In Washington, the right wing in the House has voted 40 times to kill ObamaCare, while the pressing problems of the nation like job creation and immigration go unanswered.

Governor Scott Walker, darling of the national conservative right wing and Tea Party, decided to shun millions of tax dollars the federal government wanted to give back to Wisconsin to help set up health insurance exchanges.

Right here in Brown County, a Republican “non-partisan” Supervisor named Brad Hopp tried to get a resolution passed preventing the county, and its employees, from assisting Brown County residents in accessing health care made available through the Affordable Care Act.

Now the Walker Administration has still not released the insurance rates for the companies who will be on the new health marketplace. We know who the companies are that will join this marketplace and ensure greater security and control for consumers, but not what the plans will cost!

Some sort of price control on health care costs is fundamental to Affordable Care.

For years, one of the main problems with the American way of providing health care has been it’s ever raising cost. That’s why people needed insurance to pay for health care in the first place. It is why many employers cut full time jobs or moved them overseas rather than pay the costs here to insure employees. That’s one of the major reasons they called it the Affordable Care Act in the first place.

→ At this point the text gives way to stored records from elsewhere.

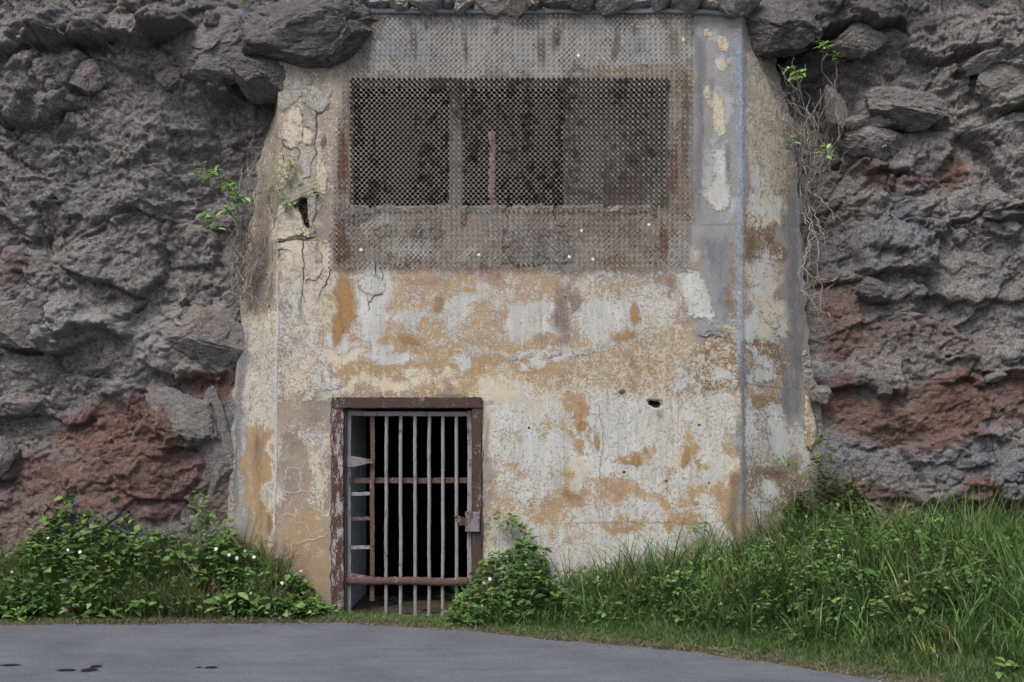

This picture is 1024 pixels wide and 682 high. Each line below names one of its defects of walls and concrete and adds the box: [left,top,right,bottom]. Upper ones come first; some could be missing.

peeling [703,28,729,72]
crack [282,109,327,165]
peeling [276,71,333,240]
peeling [701,85,732,212]
spalling [757,56,792,149]
crack [275,236,331,308]
peeling [676,270,715,326]
peeling [301,363,345,402]
peeling [296,429,326,515]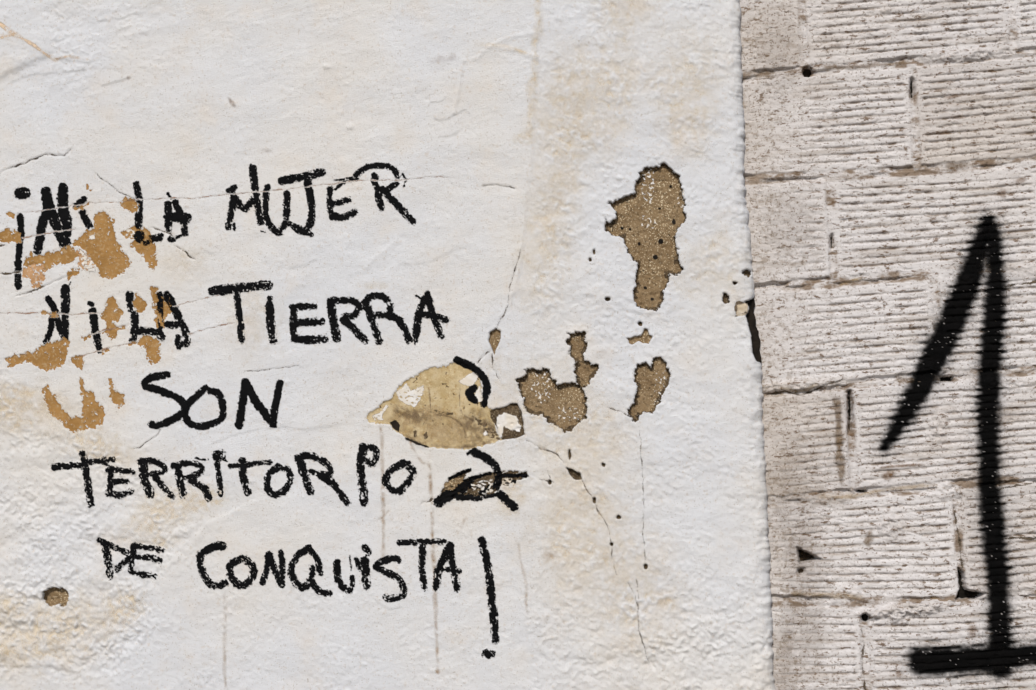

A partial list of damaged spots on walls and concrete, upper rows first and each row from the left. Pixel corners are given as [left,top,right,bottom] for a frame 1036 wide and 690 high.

According to our former Congressman, Dr. Steve Kagen of Appleton, one of the authors of the Affordable Care Act, the way to control these costs is the open market place. You go to two or three stores and notice that one store is offering the product at the lowest price. You go back to that store to buy it. The other stores have to lower their price to complete. All you have to know is who has the thing you want and the price.

The Big Health Care Industry and their insurance provider partners have been in the business of hiding the true price of specific health care services for years. Have you ever tried to get an itemized bill after a stay in the hospital? Once we know the price, the free market will drive the costs down.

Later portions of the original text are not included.